Der brennende Acker (DE 1921) #Filmfest 795

Filmfest 795 Cinema

 Der brennende Acker ist ein deutsches Filmdrama von Friedrich Wilhelm Murnau aus dem Jahre 1922. Der viragierte Stummfilm ist in sechs Akte aufgeteilt.

Was hat Friedrich Wilhelm Murnau gemacht, bevor er den weltberühmten „Nosferatu“ inszenierte? Hier haben wir das Ergebnis, das Familiendrama „Der brennende Acker“. Ein verblüffender, interessanter Film, der meinen Eindruck von Murnaus Vielseitigkeit erweitert hat und – er ist ganz von diesem Filmschaffenden, keine Frage. 

Handlung[1]

Als der alte Bauer Rog stirbt, schafft es sein Sohn Johannes, aus der Stadt kommend, nicht mehr rechtzeitig zum Sterbebett. Nach Rogs Tod übernimmt sein anderer Sohn Peter den Hof, Johannes, der sich für die Arbeit auf dem Lande nicht geeignet hält, wird Sekretär beim Grafen Rudenburg. Johannes interessiert sich für dessen Tochter Gerda, die ihm die Stelle vermittelt hatte, doch als er Kenntnis davon erlangt, dass unter dem „Teufelsacker“ – einem unfruchtbaren Stück Land, das Rudenburg seiner zweiten Frau Helga testamentarisch vermacht hat, eine Petroleumquelle vermutet wird, wendet er sich dieser zu. Gerda heiratet aus Verzweiflung ihren ungeliebten Verehrer Lellewel, Johannes wird nach dem Tod des Grafen mit Helga vermählt.
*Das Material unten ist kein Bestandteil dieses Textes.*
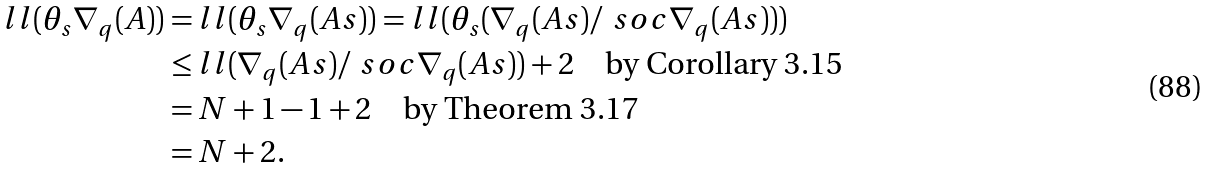<formula> <loc_0><loc_0><loc_500><loc_500>l l ( \theta _ { s } \nabla _ { q } ( A ) ) & = l l ( \theta _ { s } \nabla _ { q } ( A s ) ) = l l ( \theta _ { s } ( \nabla _ { q } ( A s ) / \ s o c \nabla _ { q } ( A s ) ) ) \\ & \leq l l ( \nabla _ { q } ( A s ) / \ s o c \nabla _ { q } ( A s ) ) + 2 \quad \text {by Corollary 3.15} \\ & = N + 1 - 1 + 2 \quad \text {by Theorem 3.17} \\ & = N + 2 .</formula> 
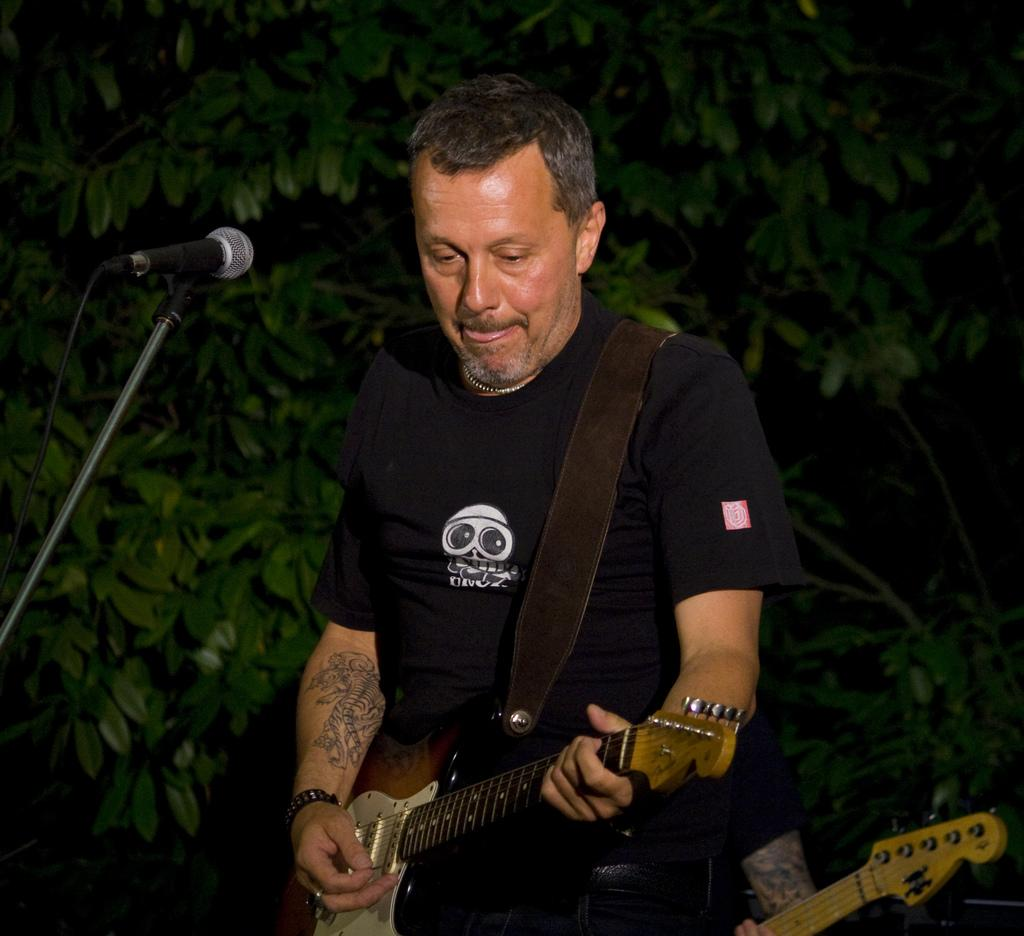What is the main activity of the person in the image? The person in the image is standing and playing a guitar. Can you describe the position of the second person in the image? The second person is holding a guitar behind the first person. What can be seen in the background of the image? Trees are visible in the background. What equipment is present for amplifying sound in the image? There is a microphone with a stand in the image. What type of order is the person holding the guitar about to place for a crate? There is no mention of an order or a crate in the image, so this question cannot be answered definitively.

Johannes wird auf dem Acker fündig – er ist Millionen wert – und bemüht sich in der Stadt um Kredite für die Ausbeutung der Petroleumquelle. Helga will währenddessen den öden Acker verkaufen, da dieser Johannes‘ ganze Aufmerksamkeit in Anspruch nimmt. Ihr zuliebe übernimmt ihr Schwager Peter den Boden für 12.000 Mark; gleichzeitig ist auch Johannes mit seinem Kreditvertrag erfolgreich. Als Johannes von dem Verkauf erfährt, ist er außer sich und bekennt gegenüber Helga, sie nie geliebt, sondern nur wegen des Ackers geheiratet zu haben. Helga kann Peter zum Rücktritt vom Vertrag bewegen und geht über den verschneiten Acker, wo sie sich in einem nahen Bach ertränkt. Die Tote wird von einem Kutscher gefunden und ins Dorf gebracht.

Probebohrungen haben auf dem Acker begonnen, ohne dass Johannes daran besonderen Anteil nimmt. Gerda versucht, ihn für sich zurückzugewinnen, doch auch sie war für ihn nur wegen seiner Karriere interessant. Sie setzt daraufhin einen Bohrturm in Brand und kommt zu Tode.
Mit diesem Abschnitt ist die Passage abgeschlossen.